** What is required **
Quote exactly, and only, the lines from the one containing "Calculate 3D bounding" through the end of the material below. Skip pictures.
**** Source material ****
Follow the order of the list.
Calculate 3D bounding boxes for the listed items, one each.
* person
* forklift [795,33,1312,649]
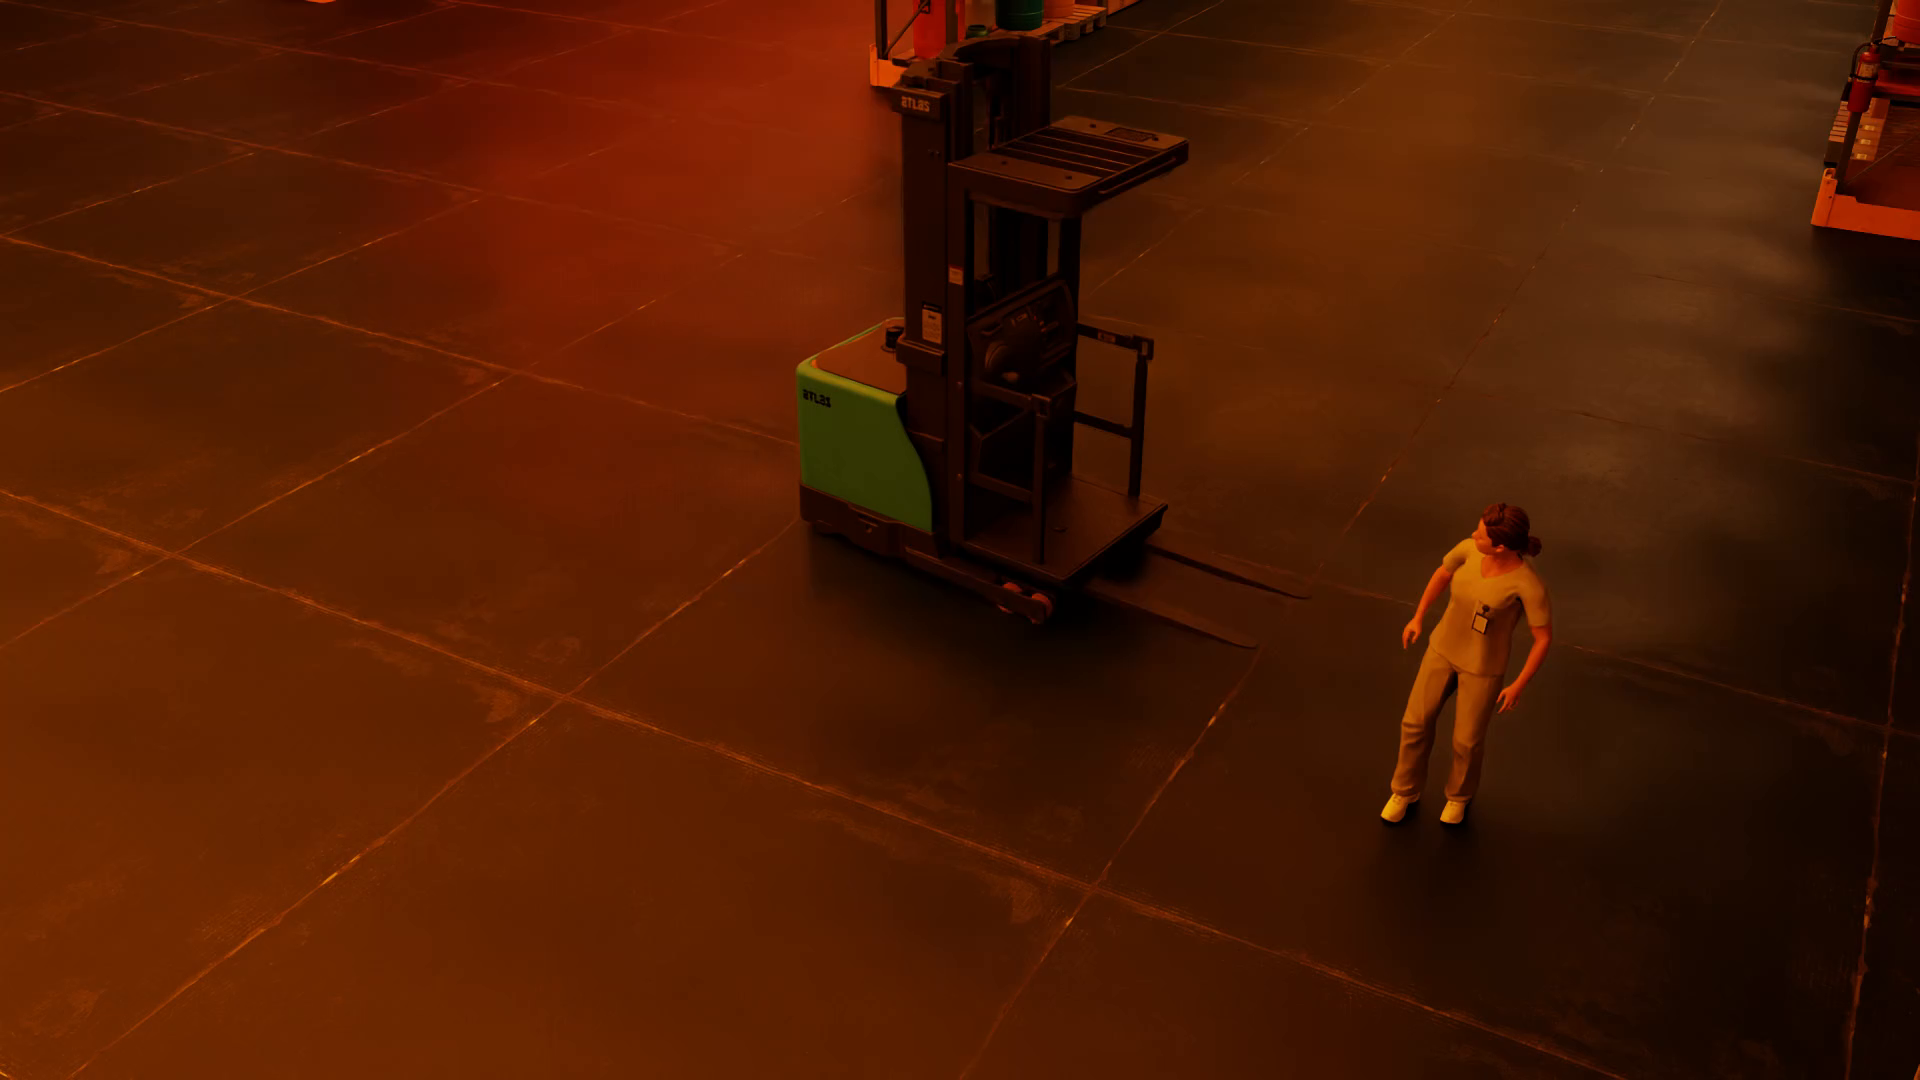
****
** Output for this task **
Calculate 3D bounding boxes for the listed items, one each.
* person
* forklift [795,33,1312,649]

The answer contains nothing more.